En outre, nous pensons que la logique de l’activité de consultation sur Internet conduit les enseignants à aller au-delà des prescriptions en ayant l’initiative de faire mettre en œuvre par les élèves des activités liées à l’unité CTI, et plus largement au recours à Internet qui, rappelons le, ne figure pas dans les textes. Les prescriptions sont peu porteuses de pistes dans cette voie. Elles ne guident pas l’activité de l’enseignant en termes de ce que l’élève doit apprendre. C’est en partie ce que montrait l’étude des programmes faite pour le DEA (Brandt, 1998b) d’une part, et ce que les objets d’enseignements proposés par les deux formateurs étudiés (ibid.) donnaient à penser tant ils s’éloignaient du programme.

2.3 Opérationnalisation des hypothèses

Pour vérifier que l’enseignement mis en œuvre relève d’une procédure de guidage de l’action, nous avons isolé les éléments constitutifs d’un dispositif où l’élève se retrouve en situation de compléter une fiche en cheminant pas

à pas grâce à des instructions suffisamment précises pour assurer la réussite immédiate de la tâche.

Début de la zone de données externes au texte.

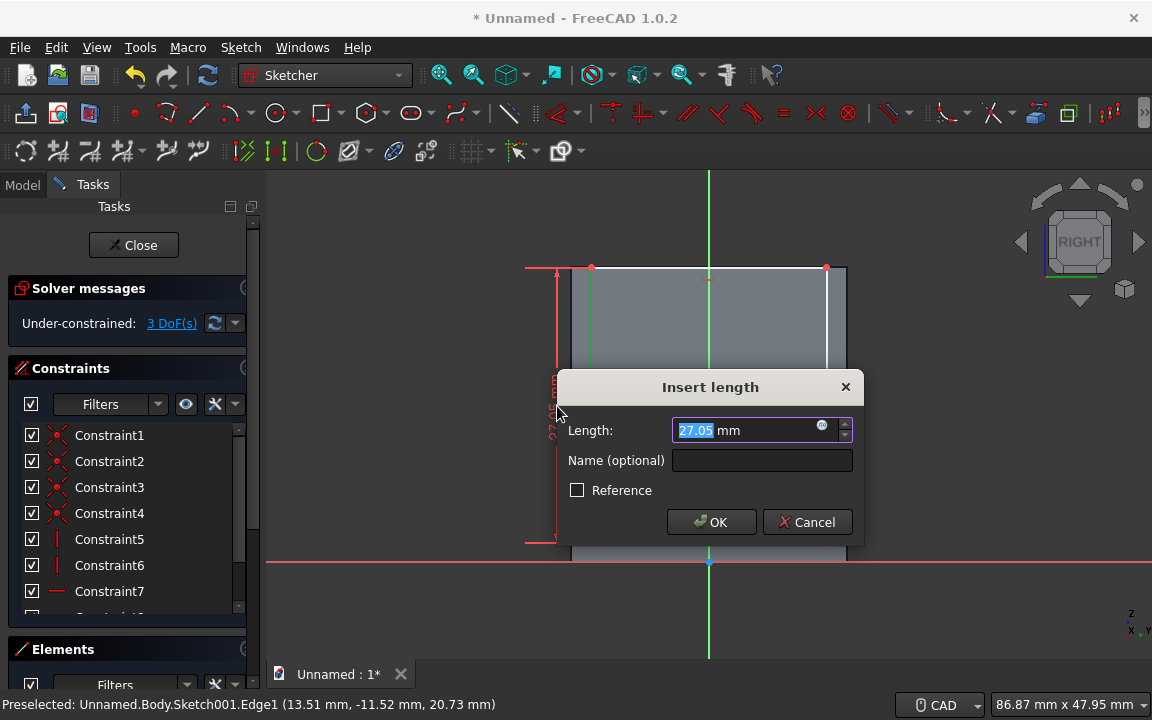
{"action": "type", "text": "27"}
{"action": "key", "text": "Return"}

Nous avons retenu comme indicateur de cette pratique le recours aux fiches consignes, la mise en œuvre d’activités simultanées et le travail en autonomie des élèves. Les fiches consignes constituent les documents écrits auxquels l’élève doit se référer en faisant le moins possible appel à l’enseignant. Dans une organisation du travail scolaire par groupe, il considère que les élèves qui travaillent seuls sont en autonomie. Dans le langage des professeurs de technologie, l’autonomie des élèves signifie que les élèves n’ont pas à solliciter l’intervention de l’enseignant pendant le temps de la classe, c’est la contrepartie de l’anticipation par l’enseignant du travail de l’élève où l’organisation serrée des conditions de l’activité détermine l’action de l’élève. Dans le cas le plus courant, pour ne pas être dérangé alors qu’il s’occupe d’autre(s) élève(s), l’enseignant a organisé le travail de façon à ce que les élèves n’aient pas à lui poser de questions.

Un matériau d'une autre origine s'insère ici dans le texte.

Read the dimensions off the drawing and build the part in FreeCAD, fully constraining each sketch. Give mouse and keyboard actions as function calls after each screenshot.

C’est l’essence même d’un malentendu qui fait dire aux enseignants que les élèves ne lisent pas, voire ne savent pas lire : l’élève ne s’engage pas dans le suivi des instructions parce qu’elles n’ont pas de sens pour lui et lorsqu’il réclame une explication par un « qu’est-ce qu’il faut faire ? » s’entend répondre « tu n’as qu’à lire le document ! »

Interroger les pratiques des enseignants concernant l’unité CTI doit nous permettre de situer l’action des enseignants soumis aux différentes conditions qu’ils ont à prendre en compte. Nous cherchons à éclairer les situations dans lesquelles les élèves sont mis pour exécuter ce qu’ils ont à exécuter et les conditions matérielles de mise en œuvre de ces situations.